3 janvier > Roman France > Jean-Marie Rouart

Les grands ressorts romanesques ne sont, finalement, pas en nombre infini : le pouvoir, l’argent, l’amour, le crime, la famille… Et s’il est bien quelqu’un qui a consacré une grande partie de son œuvre à ces fondamentaux, le pouvoir et l’amour surtout, c’est Jean-Marie Rouart. "Bouquins"/Laffont rassemble d’ailleurs parallèlement en un volume ses cinq romans les plus connus (dont Les feux du pouvoir, prix Interallié 1977, et Avant-guerre, prix Renaudot 1983) sous le titre Les romans de l’amour et du pouvoir. Tout l’art de l’écrivain consiste alors, outre ses qualités de style, dans la manière dont il traite le thème qu’il s’est imposé, le renouvelle et parvient encore à nous surprendre. Dans ce domaine, Jean-Marie Rouart, comme Philippe Sollers dans un autre genre, est passé maître.

La "jeunesse perdue" qui donne son titre au livre, ce peut être celle du narrateur. Directeur d’une revue d’art réputée, tout, en apparence, lui a réussi. En dépit de son peu de compétences, il a croisé Warhol et Bacon, et fait un beau mariage. Sa femme, Jeanne, non seulement très riche - et radine -, mais, sous-préfète dans une petite ville de province, ne l’encombre guère de sa présence. Par un accord tacite, chacun est libre de mener sa vie, y compris amoureuse. Lui ne s’en prive pas, même s’il prendra mal que Jeanne ait une liaison avec Ambroise Duvivier, son médecin, lequel se révélera être un salopard.

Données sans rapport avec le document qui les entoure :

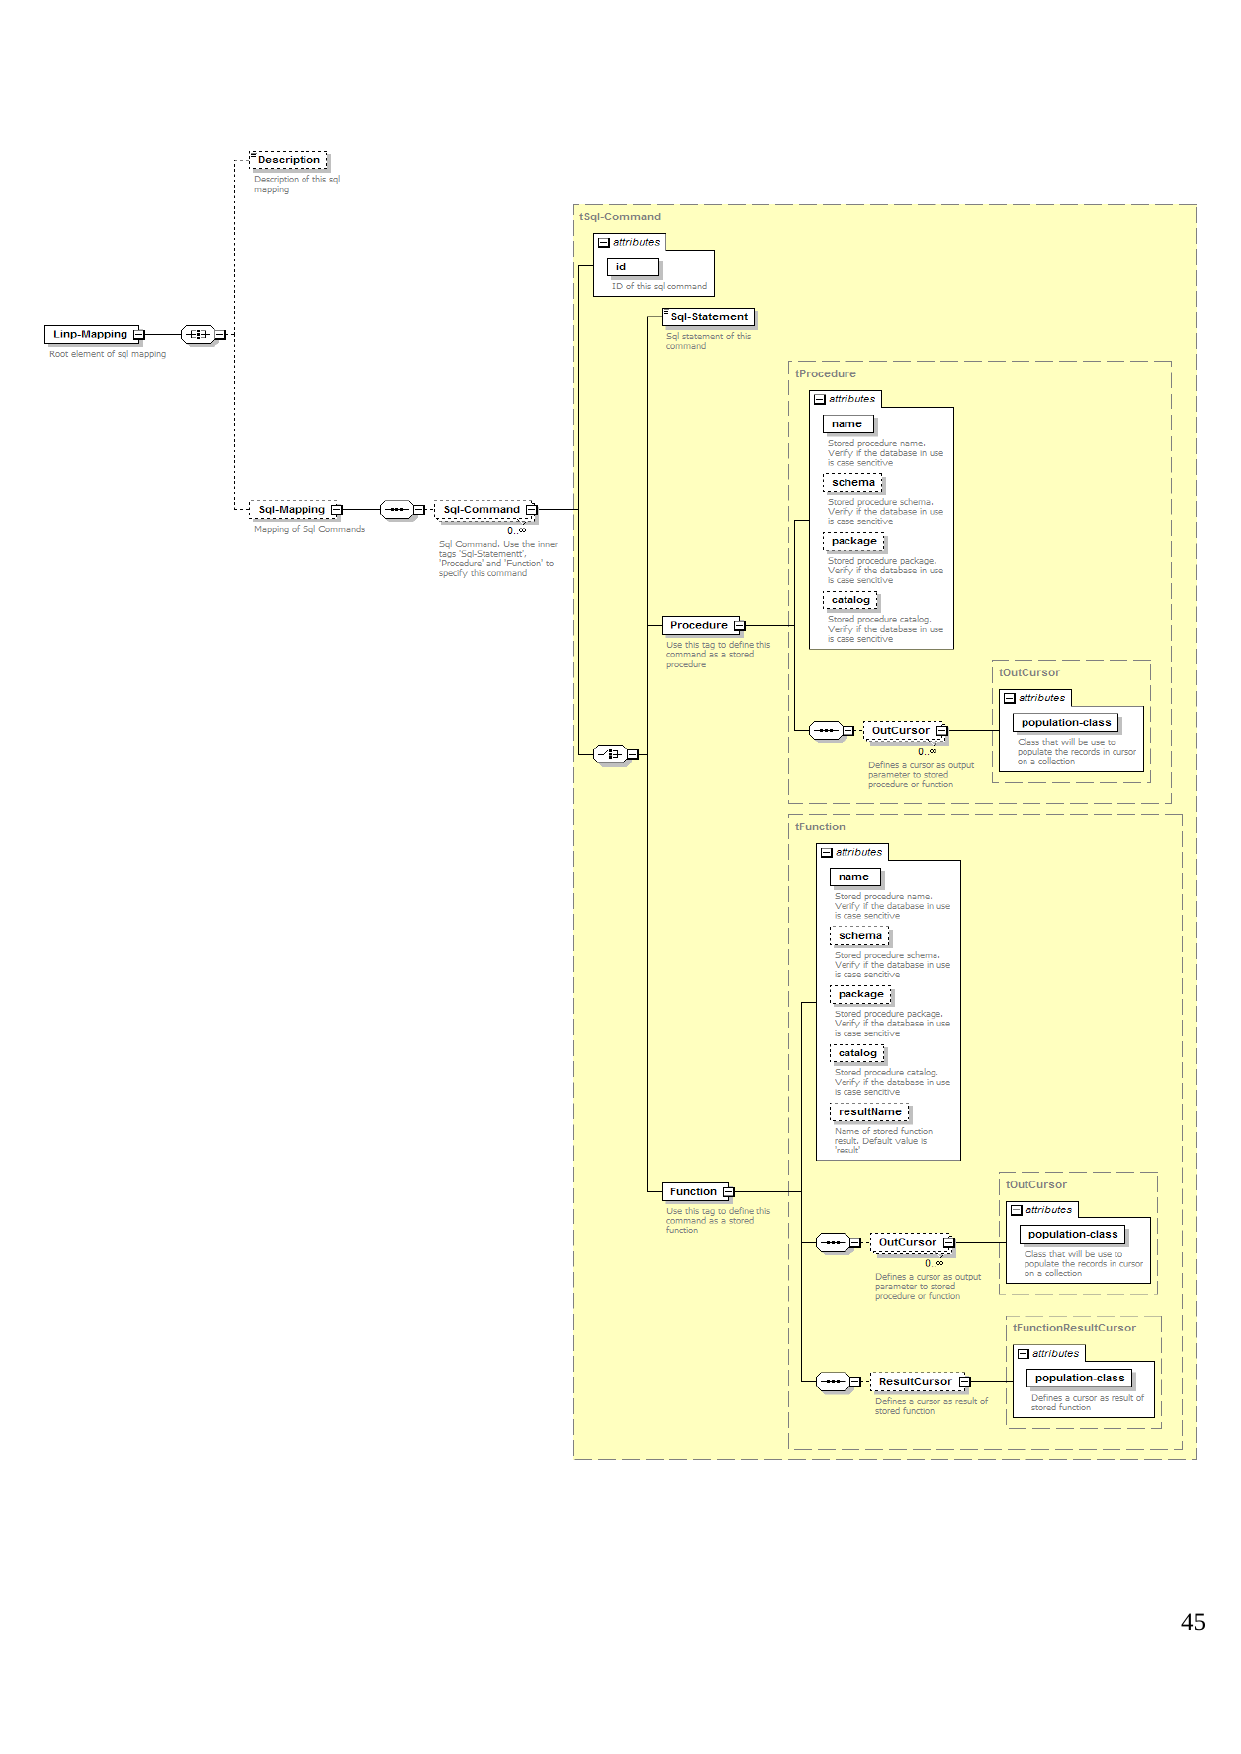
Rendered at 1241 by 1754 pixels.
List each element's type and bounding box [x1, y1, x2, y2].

picture [34, 146, 1206, 1465]
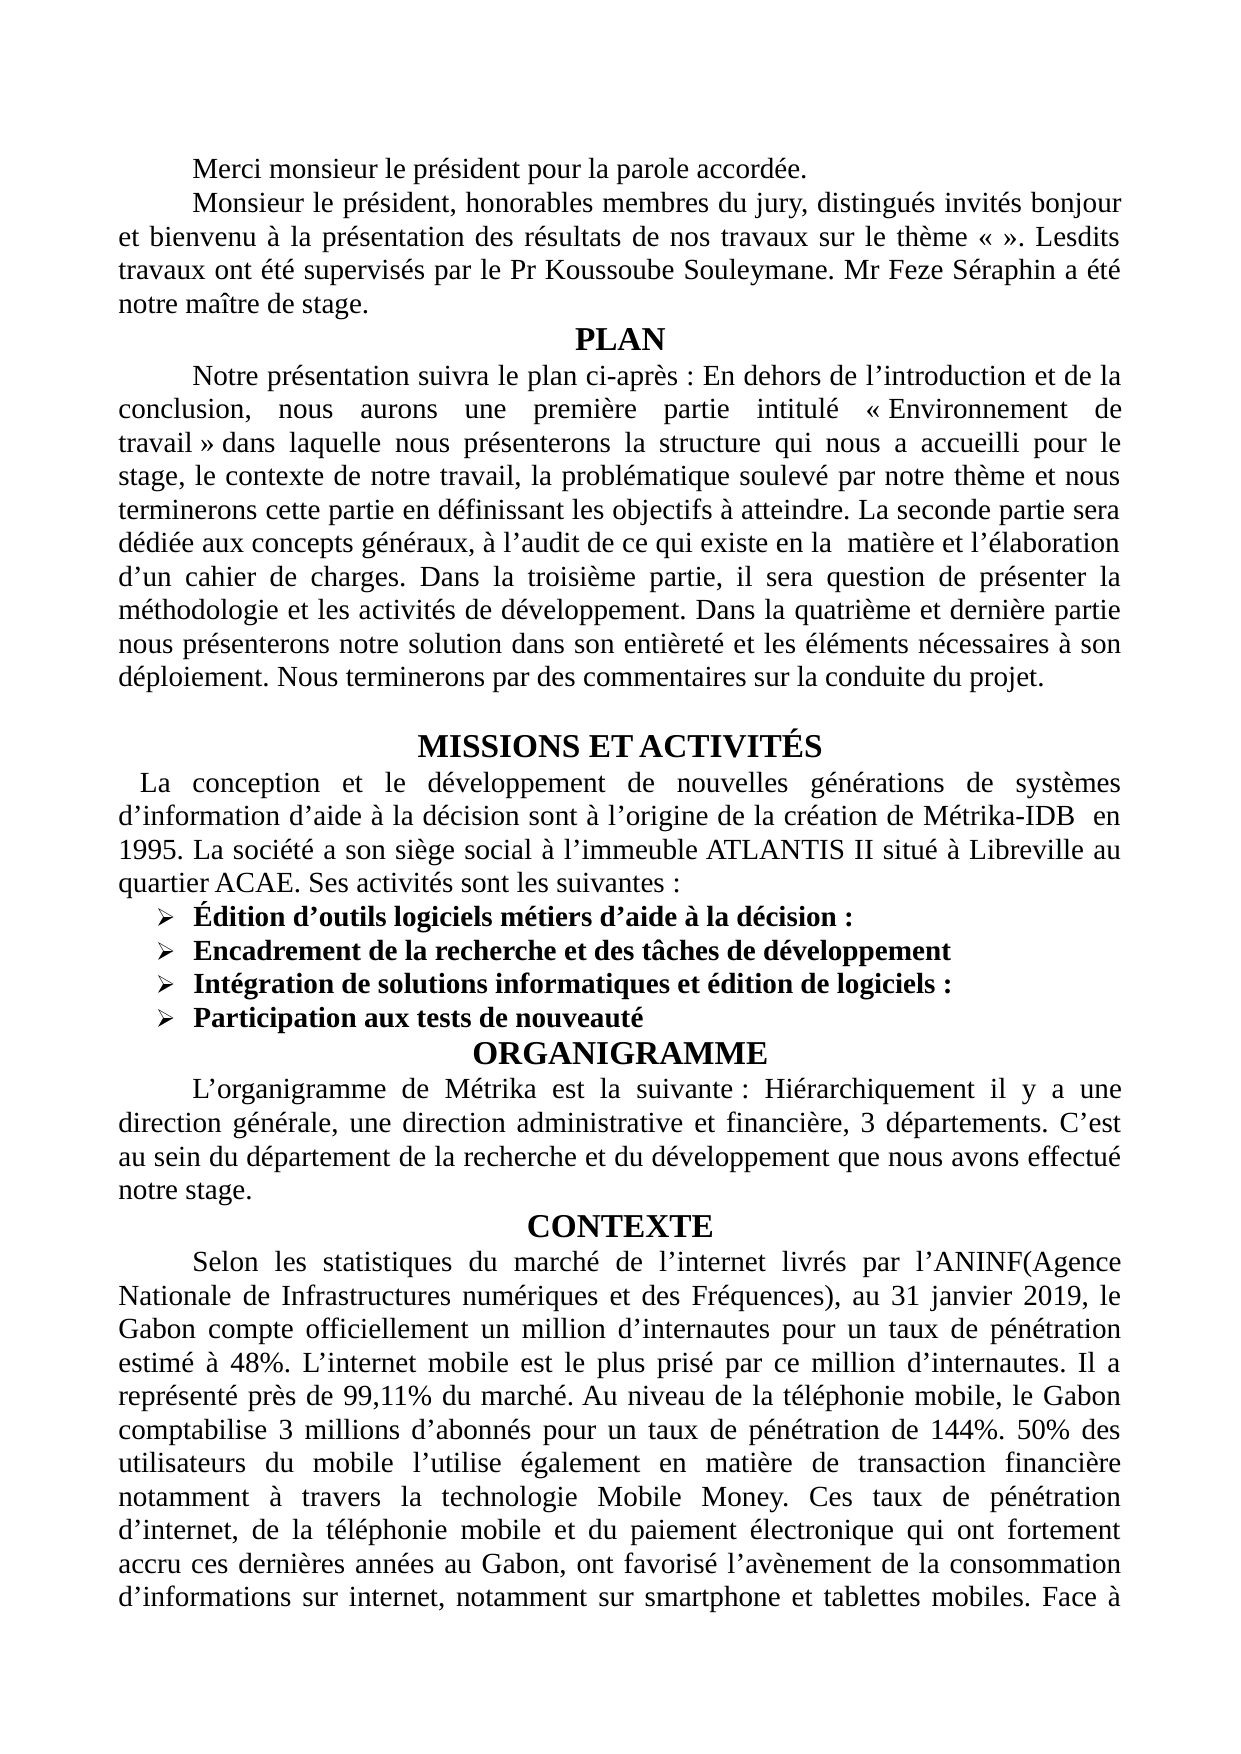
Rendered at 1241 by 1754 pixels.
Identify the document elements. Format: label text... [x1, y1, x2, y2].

list Participation aux tests de nouveauté [156, 1000, 1122, 1033]
list Intégration de solutions informatiques et édition de logiciels : [156, 966, 1122, 1000]
text Notre présentation suivra le plan ci-après : En dehors de l’introduction et de la conclusion, nous aurons une première partie intitulé « Environnement de travail » dans laquelle nous présenterons la structure qui nous a accueilli pour le stage, le contexte de notre travail, la problématique soulevé par notre thème et nous terminerons cette partie en définissant les objectifs à atteindre. La seconde partie sera dédiée aux concepts généraux, à l’audit de ce qui existe en la matière et l’élaboration d’un cahier de charges. Dans la troisième partie, il sera question de présenter la méthodologie et les activités de développement. Dans la quatrième et dernière partie nous présenterons notre solution dans son entièreté et les éléments nécessaires à son déploiement. Nous terminerons par des commentaires sur la conduite du projet. [118, 358, 1122, 693]
list Édition d’outils logiciels métiers d’aide à la décision : [156, 899, 1122, 933]
text ORGANIGRAMME [118, 1033, 1122, 1072]
text MISSIONS ET ACTIVITÉS [118, 727, 1122, 765]
list Encadrement de la recherche et des tâches de développement [156, 933, 1122, 966]
text Merci monsieur le président pour la parole accordée. [118, 152, 1122, 185]
text La conception et le développement de nouvelles générations de systèmes d’information d’aide à la décision sont à l’origine de la création de Métrika-IDB en 1995. La société a son siège social à l’immeuble ATLANTIS II situé à Libreville au quartier ACAE. Ses activités sont les suivantes : [118, 765, 1122, 899]
text L’organigramme de Métrika est la suivante : Hiérarchiquement il y a une direction générale, une direction administrative et financière, 3 départements. C’est au sein du département de la recherche et du développement que nous avons effectué notre stage. [118, 1072, 1122, 1206]
text Monsieur le président, honorables membres du jury, distingués invités bonjour et bienvenu à la présentation des résultats de nos travaux sur le thème « ». Lesdits travaux ont été supervisés par le Pr Koussoube Souleymane. Mr Feze Séraphin a été notre maître de stage. [118, 185, 1122, 319]
text PLAN [118, 319, 1122, 358]
text Selon les statistiques du marché de l’internet livrés par l’ANINF(Agence Nationale de Infrastructures numériques et des Fréquences), au 31 janvier 2019, le Gabon compte officiellement un million d’internautes pour un taux de pénétration estimé à 48%. L’internet mobile est le plus prisé par ce million d’internautes. Il a représenté près de 99,11% du marché. Au niveau de la téléphonie mobile, le Gabon comptabilise 3 millions d’abonnés pour un taux de pénétration de 144%. 50% des utilisateurs du mobile l’utilise également en matière de transaction financière notamment à travers la technologie Mobile Money. Ces taux de pénétration d’internet, de la téléphonie mobile et du paiement électronique qui ont fortement accru ces dernières années au Gabon, ont favorisé l’avènement de la consommation d’informations sur internet, notamment sur smartphone et tablettes mobiles. Face à [118, 1244, 1122, 1613]
text CONTEXTE [118, 1206, 1122, 1244]

Sa peur panique, c’est de vieillir, de ne plus susciter le désir. Aussi, lorsqu’il rencontre la jeune et belle Valentina Orlov, qui lui accorde vite ses faveurs, est-il transporté de bonheur. Un mois seulement. Ensuite, viennent la curiosité et la jalousie maladive, avec leur triste cortège : souffrance, frustration, paranoïa. S’enclenche un processus autodestructeur qui le laissera exsangue sur tous les plans : Jeanne, ayant demandé le divorce, entreprend de le ruiner, l’obligeant à vendre leur appartement parisien, tandis que lui, rejeté par une Valentina dont il a découvert qu’elle est une courtisane, finit de se mettre sur la paille en louant ses services à des prix délirants.

Jean-Marie Rouart traite de ce qu’il connaît, les beaux quartiers, le monde de l’art, mais, surtout, de ce que Proust appelait "les intermittences du cœur". Son héros est à la fois macho et égocentrique, la passion peut le rendre vulgaire et violent, mais il sait aussi toucher le lecteur parce qu’il souffre, et que son "problème" peut être un jour celui de chacun(e) d’entre nous. Ce roman en clair-obscur s’achève sur trois défaites : celle de Jeanne, trahie, celle du narrateur, ruiné, solitaire, et qui voit cette fois sa vie définitivement derrière lui, et même celle de Valentina. La "jeunesse perdue", c’est aussi déjà la sienne. J.-C. P.